American Idol Semifinals: Week 2: The Girls

Thousands of families are watching. The lives of ten girls hang in the balance. This is American Idol. Really? Their lives? Are we going to hang the evicted houseguests from a digital gallows on the jumbo screen behind the set? Okay, let’s see what little cute gestures the girls are going to use to pry our votes out of us tonight:

Carly Smithson: One hand finger wiggle.
Syesha Mercado: Hey! And one hand window washer.
Brooke White: It’s all too much shrug and toothy grin, followed by wooden arm wave.
Ramiele Malubay: Two hand window washer and babydoll oooh! mouth.
Kristy Lee Cook: Two hand window washer and ironic wow-mouth.
Amanda Overmeyer: One hand raised, shows the palm, then retracts. So superfly.
Alaina Whitaker: Pin up girl hand on hip, blows us a kiss! And wearing royal blue! Gah!
Alexandrea Lushington: Double peace sign.
Kady Malloy: Thumbs up and rocker RAWR face. Seems to have spilled a jar of buttons down her front.
Asia’h Epperson: Two handed stress-ball squeeze wave. And nose wrinkle. Her skirt ate her torso and burped up a big black belt.

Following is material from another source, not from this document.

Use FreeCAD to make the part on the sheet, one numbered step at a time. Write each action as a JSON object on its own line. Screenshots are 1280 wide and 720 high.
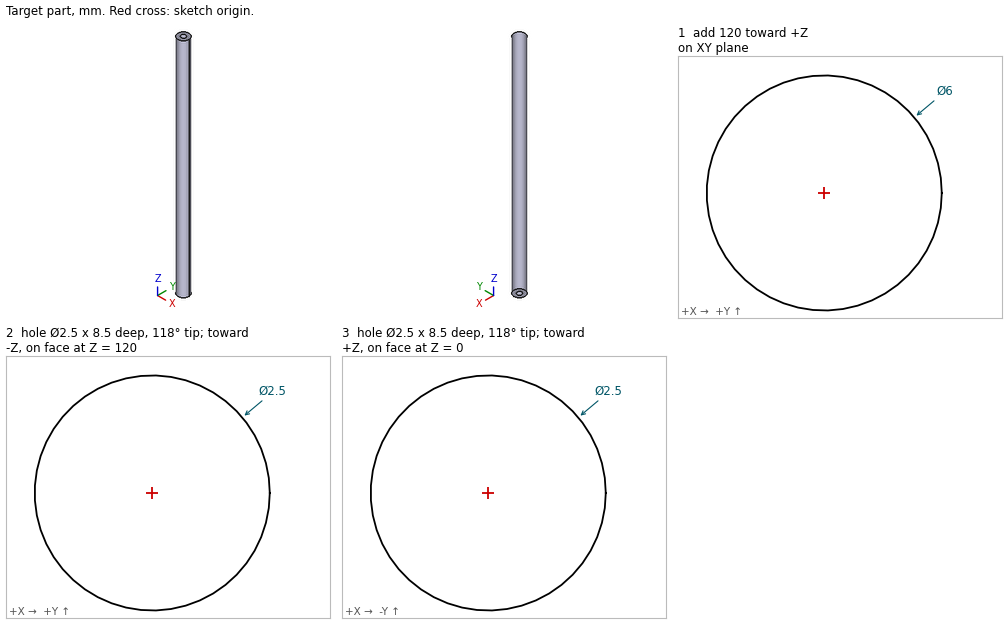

Judges are Randy, Paula, and Simon. They seem to have forgotten their scarring experiences from last night, because they recall the show for us as “on fire.”





Carly Smithson is Into You


CARLY SMITHSON: Carly’s secret is that she works at an Irish bar to support her failing tattoo parlor. To fully lock in my worship, she makes a bed on camera. She sings “Crazy on You” with angry, scary eyes and jouncing, gelatinous boobages. Not everyone can sing Heart, and Carly is no exception. If you know what I mean. She does the whole microphone in-and-out thing that Simon calls old fashioned, and lifts her leg carefully at the end to show her deep firey passion for rock. I have trouble swallering that load when I’ve just seen her picking flecks of lint off a beige duvet cover. Randy and Paula were ambivalent. Simon notices she is out of breath, and says she still hasn’t found the right song yet, but that she is an incredible singer. Carly reveals it has always been her dream to sing that song on American Idol. Ryan points out she needs a new dream now. Aw shucks.

Simon is doing the moose antler hand again. The mitten hand. The thing where it looks like he’s trying to jam his thumb into his temple. When the camera goes out wide, it just looks insane. Simon, what’s going on?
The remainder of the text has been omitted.